One of the most dreaded questions that new coaches and consultants potentially face when just starting out is “How many clients do you have?”

What goes through your mind when you hear that? Fear. Doubt. Worry. Anxiety.  Maybe they will think I’m not good if I have no clients. Maybe they will think that my fee is too high if I’m just starting out. Maybe they will think I’m not experienced enough.

So maybe I’ll fudge the truth here. “I have a couple of clients.”

Bad idea. Perhaps the conversation moves on and you get the client. But what if they ask for references? Now you are in a deeper hole.

So how do you handle this question, when the true answer is zero?

You welcome it. Even better, you preempt it and turn the question to your advantage.

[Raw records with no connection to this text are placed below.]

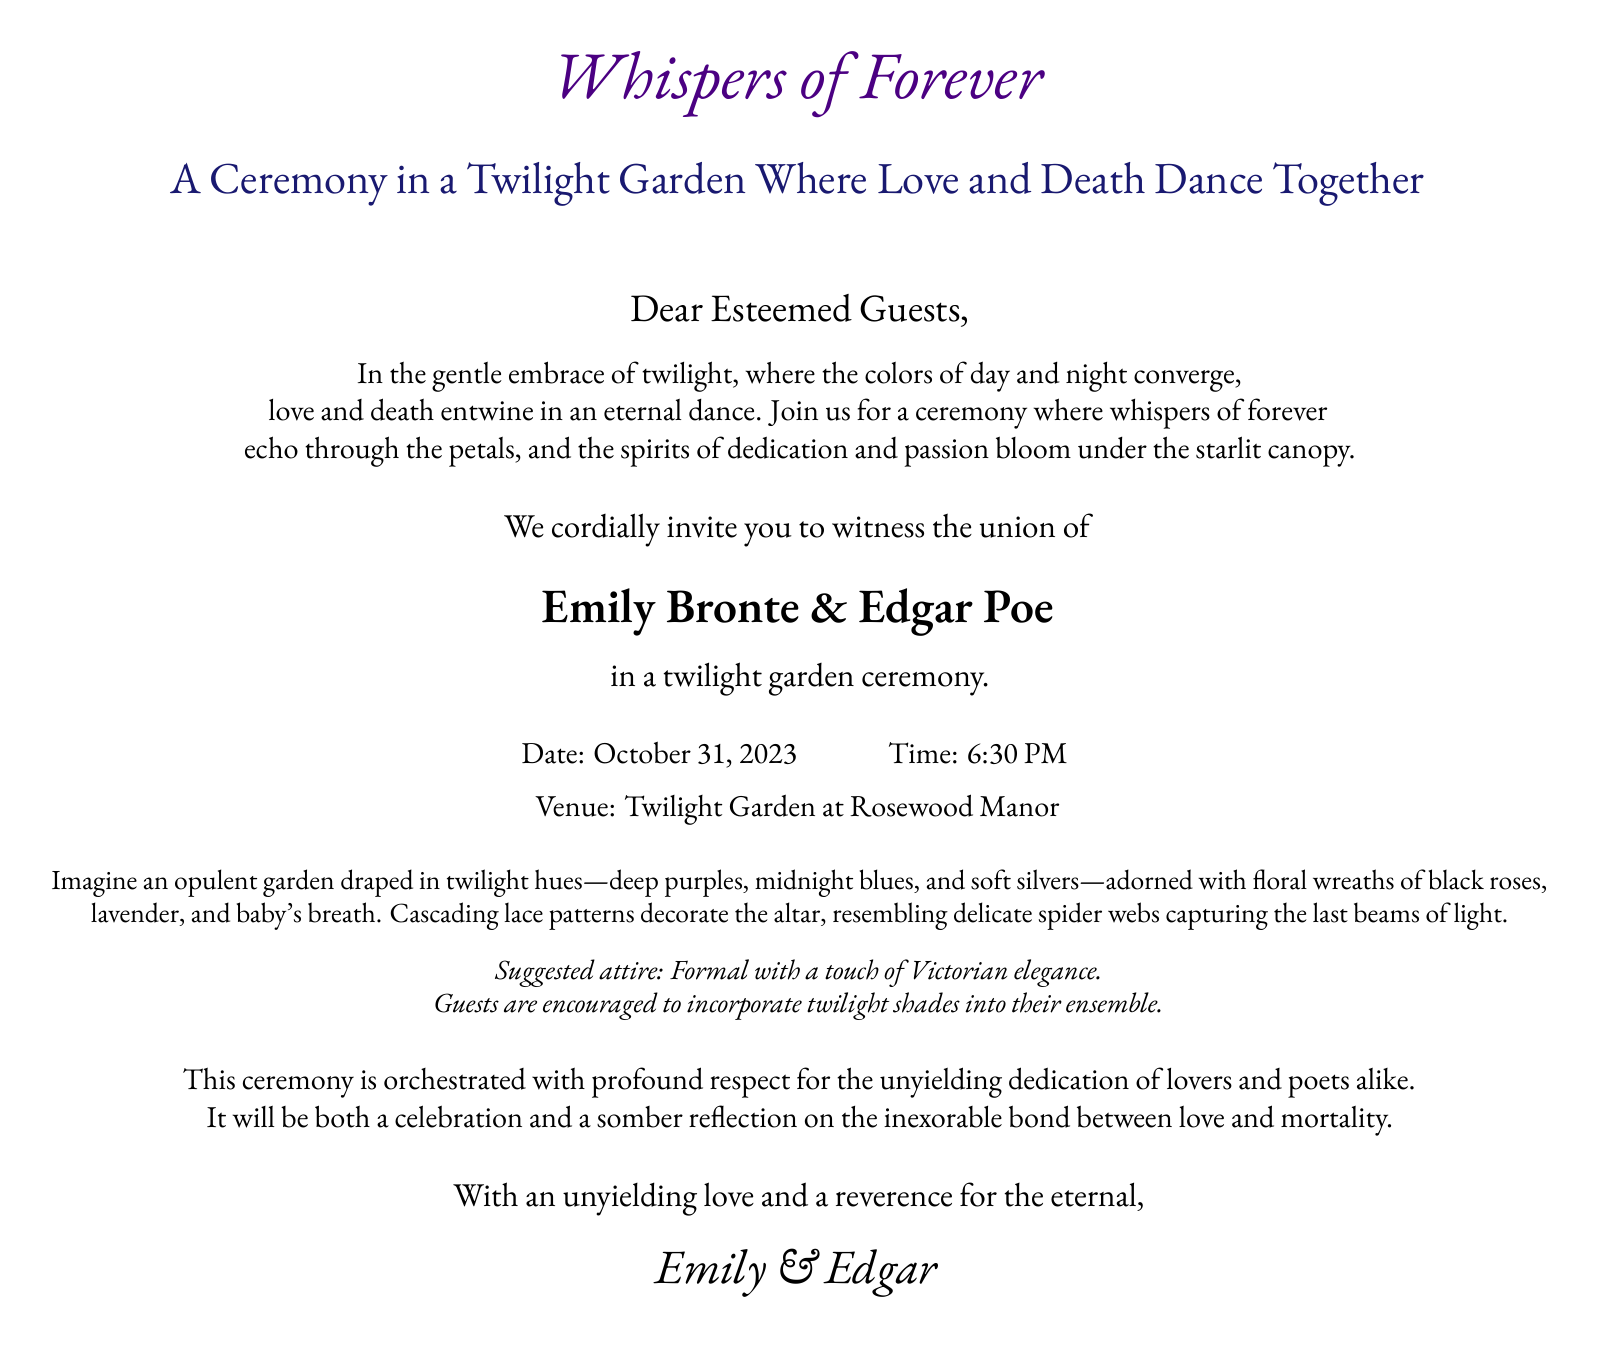What is the title of the ceremony? The title is the first line in the document which sets the theme.
Answer: Whispers of Forever Who are the couple getting married? The couple's names are highlighted in large text, indicating their importance.
Answer: Emily Bronte & Edgar Poe What is the date of the ceremony? The date is provided specifically in the invitation section.
Answer: October 31, 2023 What time does the ceremony start? The time is mentioned alongside the date in the invitation.
Answer: 6:30 PM What is the suggested attire for guests? This information is given towards the end, advising guests on how to dress.
Answer: Formal with a touch of Victorian elegance Where is the ceremony taking place? The venue is specifically stated in the invitation.
Answer: Twilight Garden at Rosewood Manor What colors are suggested for guests to incorporate into their ensemble? The invitation mentions colors in relation to twilight, which is significant for the theme.
Answer: Twilight shades What floral decorations are mentioned in the invitation? The floral elements described in detail illustrate the ceremony's ambiance.
Answer: Black roses, lavender, and baby's breath Why is this ceremony unique? The document reflects on the intertwining themes of love and death, providing depth to the occasion.
Answer: Celebration and somber reflection on love and mortality

First of all, there is no shame in having zero customers when you are first starting out. Every new business starts out with zero customers. The focus is on getting the first customer. The first customer must come first – before the second or millionth customer. Somewhere out there is the first customer of the iPhone or the first person to place an order on Amazon. Pretty cool to be that person. So who will be your first client and how cool will that be for them?

In this post, I want to address several underlying MINDSET principles that you can use and then give an example of specific LANGUAGE that you could apply in this situation. (Please note: the timing of when to use this language depends on where you are in the process and needs to fit into the skeleton of the sales conversation.)

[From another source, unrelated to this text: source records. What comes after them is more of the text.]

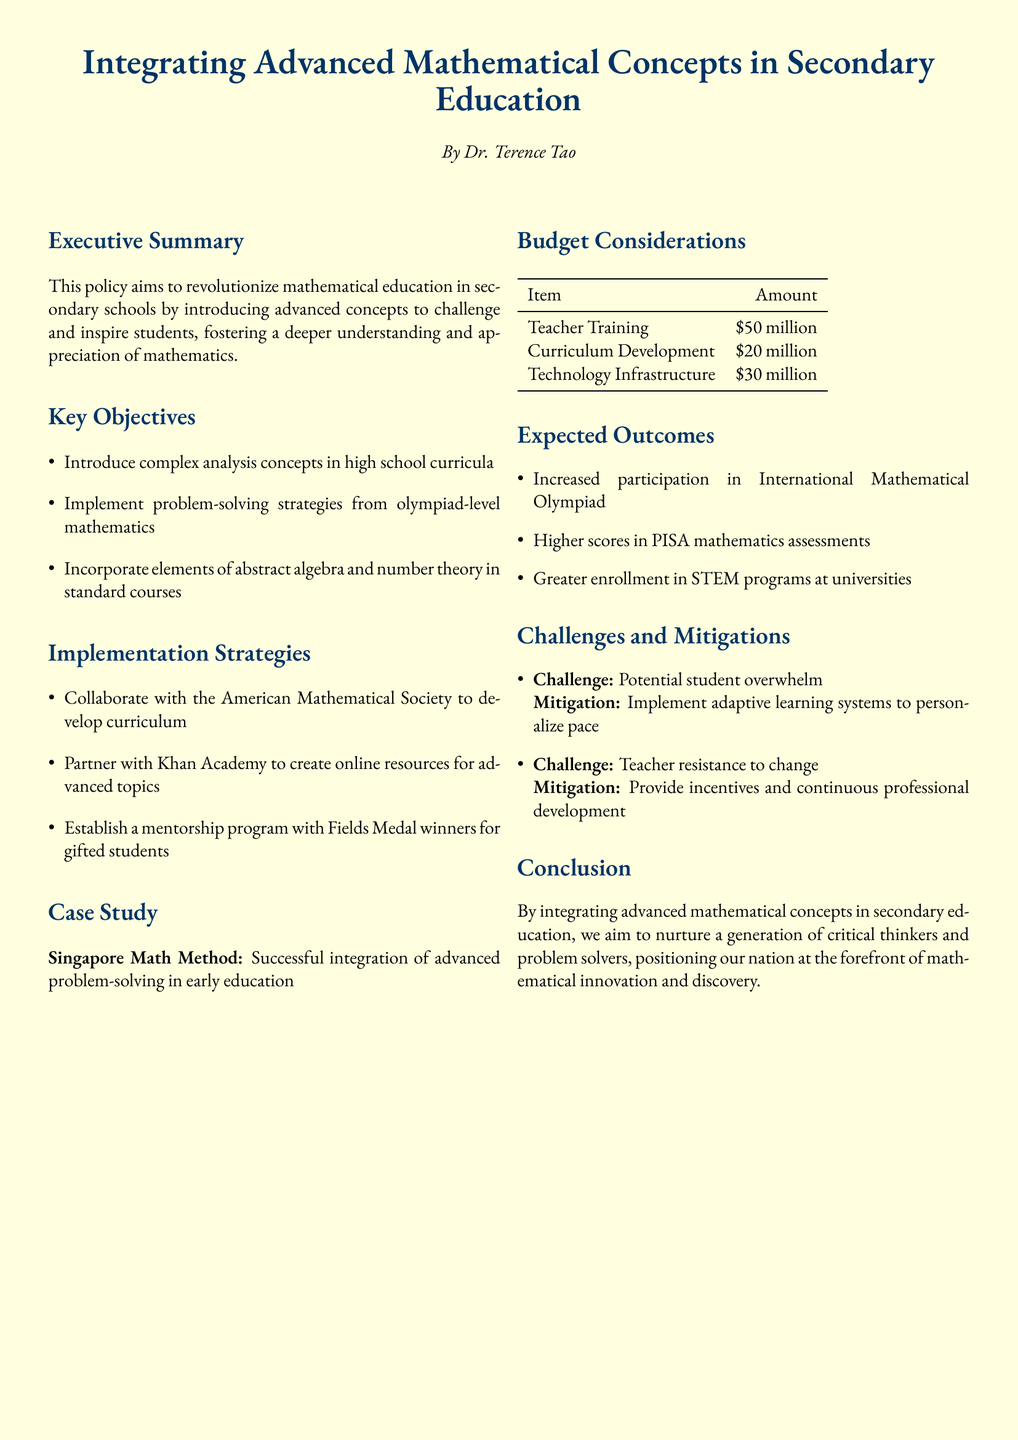What is the main aim of the policy? The main aim of the policy is to revolutionize mathematical education in secondary schools.
Answer: Revolutionize mathematical education Who is the author of the document? The author of the document is Dr. Terence Tao.
Answer: Dr. Terence Tao What are the budget considerations for teacher training? The budget consideration for teacher training is stated in the document's budget table.
Answer: 50 million What advanced mathematical concepts are to be introduced? The document lists the advanced concepts to be introduced in the key objectives section.
Answer: Complex analysis What partnership is suggested for online resources? The partnership suggested in the implementation strategies section is with Khan Academy.
Answer: Khan Academy What is a challenge mentioned in the document? There are several challenges mentioned, but one specific challenge is detailed in the challenges section.
Answer: Potential student overwhelm What is one expected outcome of the policy? The expected outcomes are listed in the document, and one specific outcome is stated clearly.
Answer: Increased participation in International Mathematical Olympiad How much is allocated for technology infrastructure? The allocation for technology infrastructure is stated in the budget consideration table.
Answer: 30 million

Here are the mindset principles at play here: flushing out objections early, turning perceived weaknesses into strengths, and the value of scarcity.

Let’s start with flushing out objections early. Most sales training teaches you to establish rapport, probe for problems and pain, demonstrate your solution, and then deal with objections during the close. The old-school approach is to avoid bringing up anything problematic and then hope that the customer doesn’t bring it up.  If they do, you use various techniques called “objection handling.” The major problem with this approach is that potential deal-killing objections surface very late in the sales process – and only after you’ve invested a lot of time and resources on both sides.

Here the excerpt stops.